Leistung und Konnektivität

Die Kamera wird von Sonys Akku der Z-Serie gespeist, der mit dem a9 eingeführt wurde und auch von a7-Modellen der dritten Generation verwendet wird.

Es handelt sich um eine bullige Zelle, die von CIPA für etwa 530 Aufnahmen bei Verwendung des EVF oder bis zu 670 Aufnahmen bei Verwendung des LCD bewertet wurde.

Für Videos verspricht Sony, dass der Akku eine kontinuierliche Aufnahmezeit von bis zu 170 Minuten bietet.

Ihr Kilometerstand hängt davon ab, wie Sie die Kamera verwenden.

Wenn Sie häufig den 10-fps-Burst-Modus verwenden, können Sie Tausende von Aufnahmen gegen eine Gebühr abwickeln.

Die Z-Batterie ist jetzt ein alter Hut und bietet eine ähnliche Lebensdauer in jedem Modell, in dem sie verwendet wurde.

Für viele Fotografen ist sie eine Ganztagesbatterie, obwohl Profis sicherlich eine Ersatzbatterie mitnehmen möchten.

Sie müssen einfach keine vier Ersatzteile mit sich führen, wie dies bei der unterlasteten W-Batterie der A7-Kameras der ersten und zweiten Generation der Fall war.

Der Akku wird in der Kamera über USB-C oder Micro-USB aufgeladen - das Gehäuse verfügt über beide Anschlüsse.
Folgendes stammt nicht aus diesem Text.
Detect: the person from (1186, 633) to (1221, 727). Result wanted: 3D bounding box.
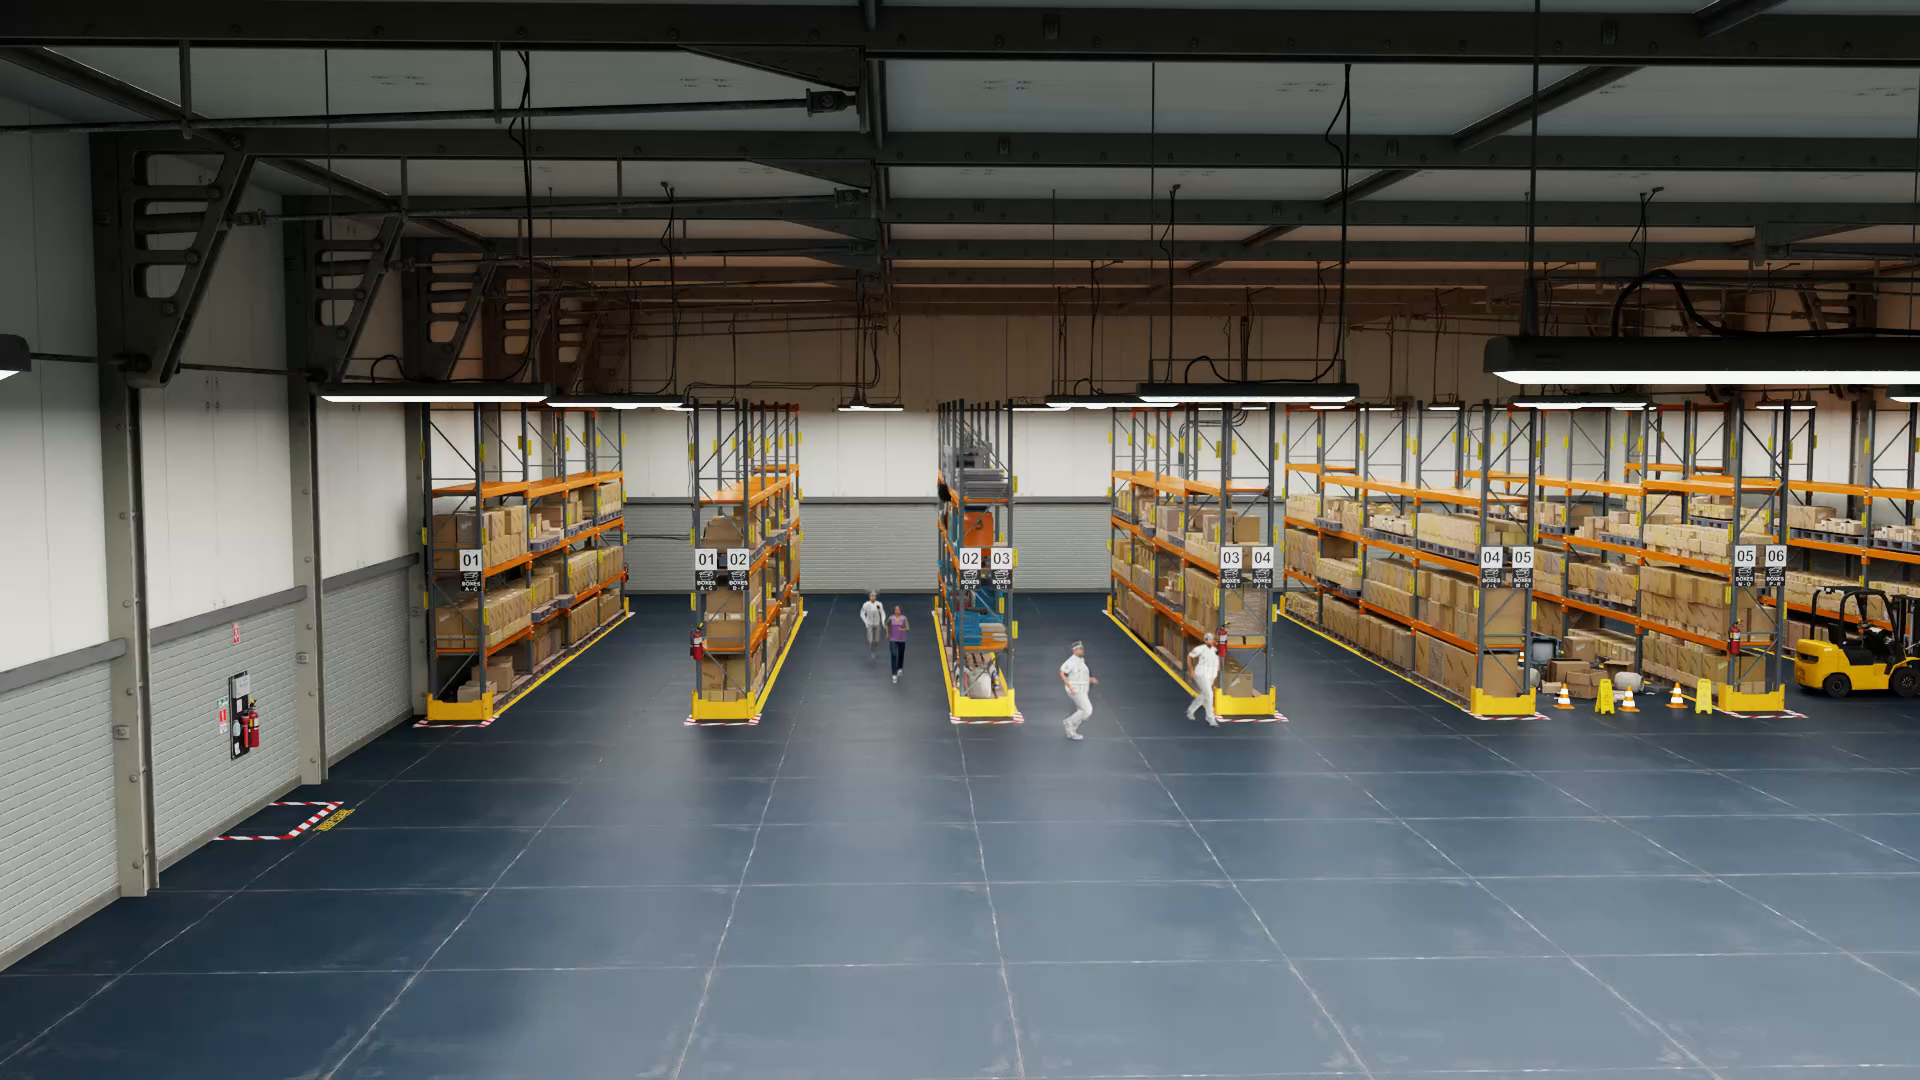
[{"bbox_3d":[4.592,2.561,30.787,0.616,1.648,0.860,-3,5,-38],"label":"person"}]

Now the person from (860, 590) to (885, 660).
[{"bbox_3d":[-2.036,1.974,38.784,0.598,1.639,0.584,-1,4,-11],"label":"person"}]

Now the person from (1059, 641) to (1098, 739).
[{"bbox_3d":[2.121,2.631,29.181,0.602,1.740,0.657,2,5,22],"label":"person"}]

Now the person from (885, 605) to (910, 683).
[{"bbox_3d":[-1.345,2.201,35.727,0.518,1.622,0.783,0,4,-4],"label":"person"}]
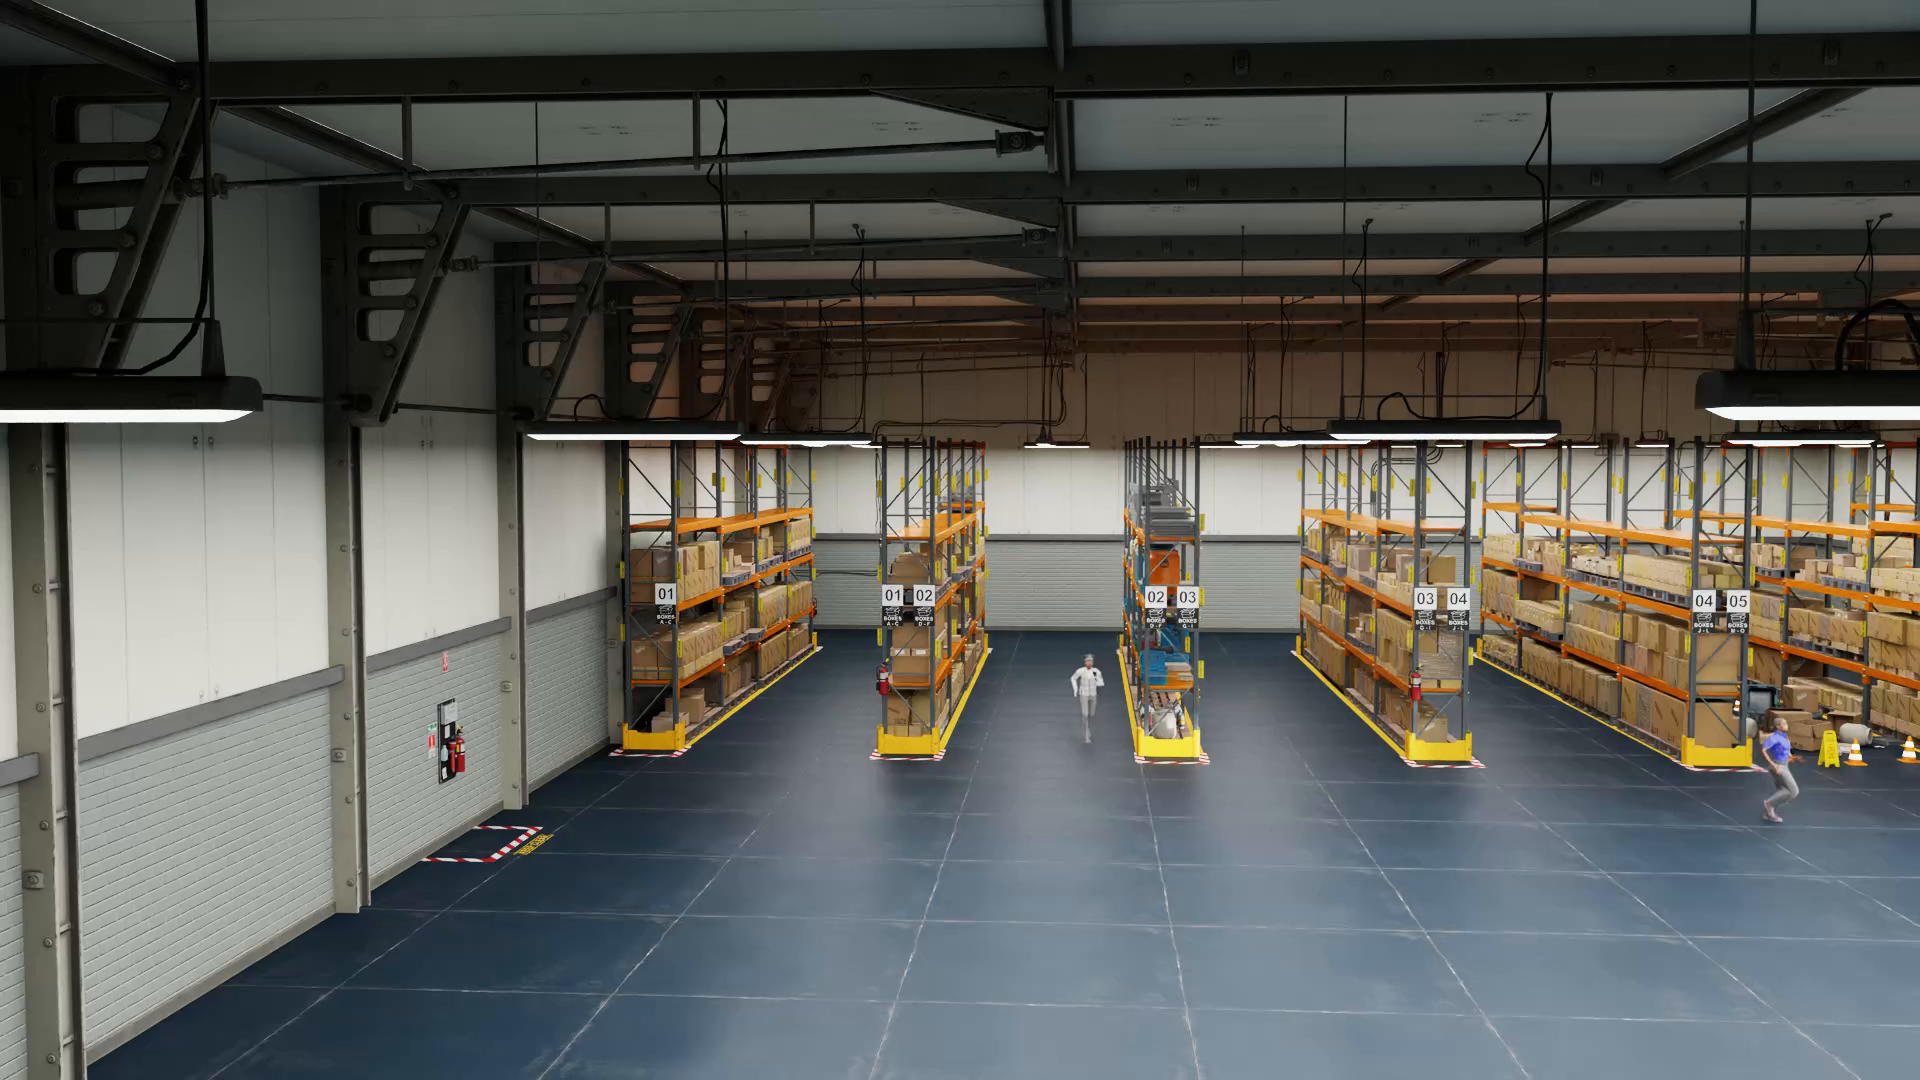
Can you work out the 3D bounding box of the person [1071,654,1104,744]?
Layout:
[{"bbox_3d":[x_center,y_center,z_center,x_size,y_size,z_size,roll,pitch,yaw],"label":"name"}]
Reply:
[{"bbox_3d":[2.532,3.110,32.835,0.587,1.741,0.807,-1,3,-10],"label":"person"}]

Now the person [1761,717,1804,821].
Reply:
[{"bbox_3d":[12.666,3.537,25.581,0.576,1.615,0.560,2,4,38],"label":"person"}]
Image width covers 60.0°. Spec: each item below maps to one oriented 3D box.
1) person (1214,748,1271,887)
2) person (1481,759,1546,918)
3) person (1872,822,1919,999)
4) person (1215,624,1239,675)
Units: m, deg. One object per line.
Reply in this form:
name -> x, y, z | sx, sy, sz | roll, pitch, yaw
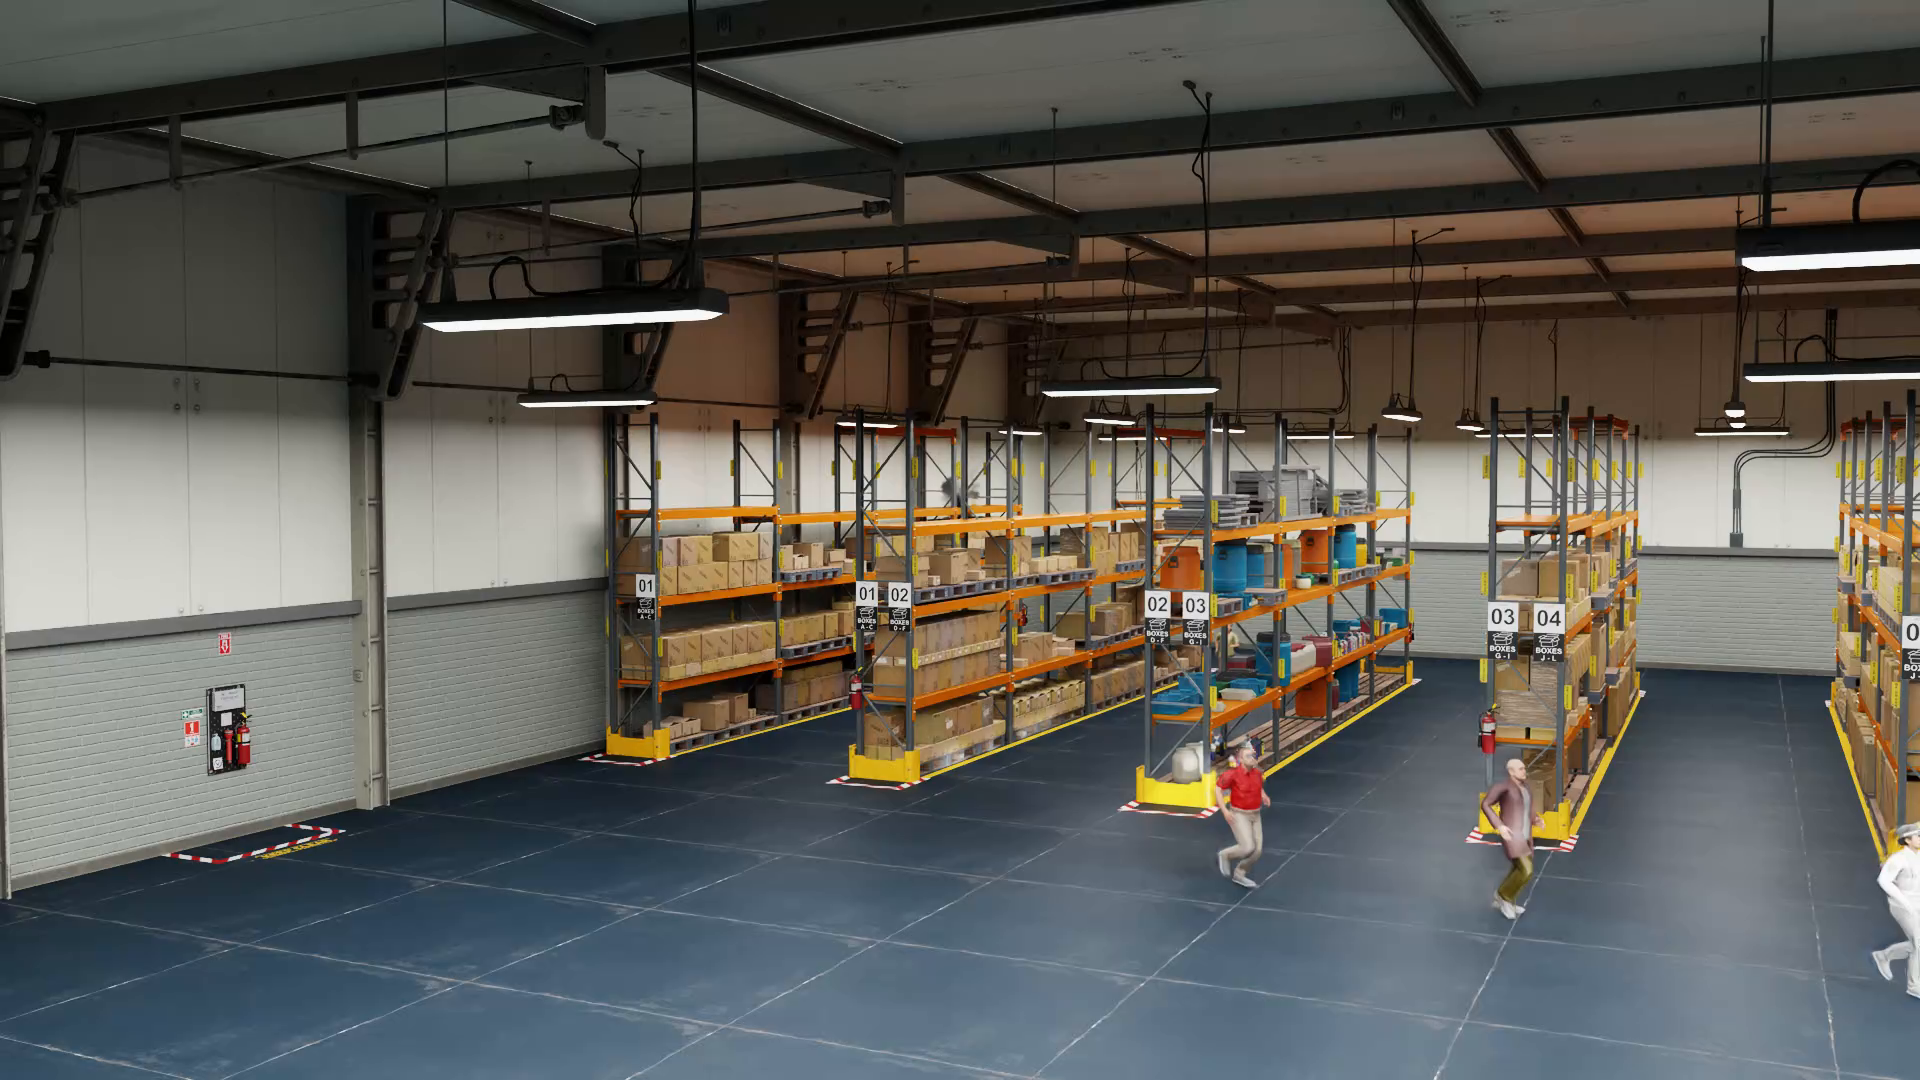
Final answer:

Weitere Anschlüsse sind PC Sync für Studioblitz, 3,5-mm-Mikrofon- und Kopfhöreranschlüsse, Micro-HDMI-Ausgang und Sonys Multi-Interface-Blitzschuh.

Der Schuh ist ein etwas neues Design, das mit dem digitalen Mikrofon EC1-B1M für 350 US-Dollar zusammenarbeitet, um ein echtes digitales Audiosignal zu liefern.

Das Mikrofon ist mit älteren Sony-Kameras kompatibel, jedoch mit einem digitalen Signal, das zuerst in analog umgewandelt wird.

Wi-Fi und Bluetooth sind ebenfalls enthalten.

Sie arbeiten mit der Sony Imaging Edge-Software zusammen, einem kostenlosen Download für Android und iOS.

Sie können Bilder auf Ihr Telefon übertragen und in sozialen Medien veröffentlichen.

Außerdem können Sie Ihr Telefon als Fernbedienung verwenden.

Der a7R IV verfügt über zwei SDXC-Kartensteckplätze, die beide UHS-II-Geschwindigkeiten unterstützen.

Dies ist ein Upgrade von früheren Modellen der Serie, einschließlich des Pro A9, der nur einen schnellen UHS-II-Steckplatz bot, wobei der zweite Steckplatz auf UHS-I-Geschwindigkeiten beschränkt war.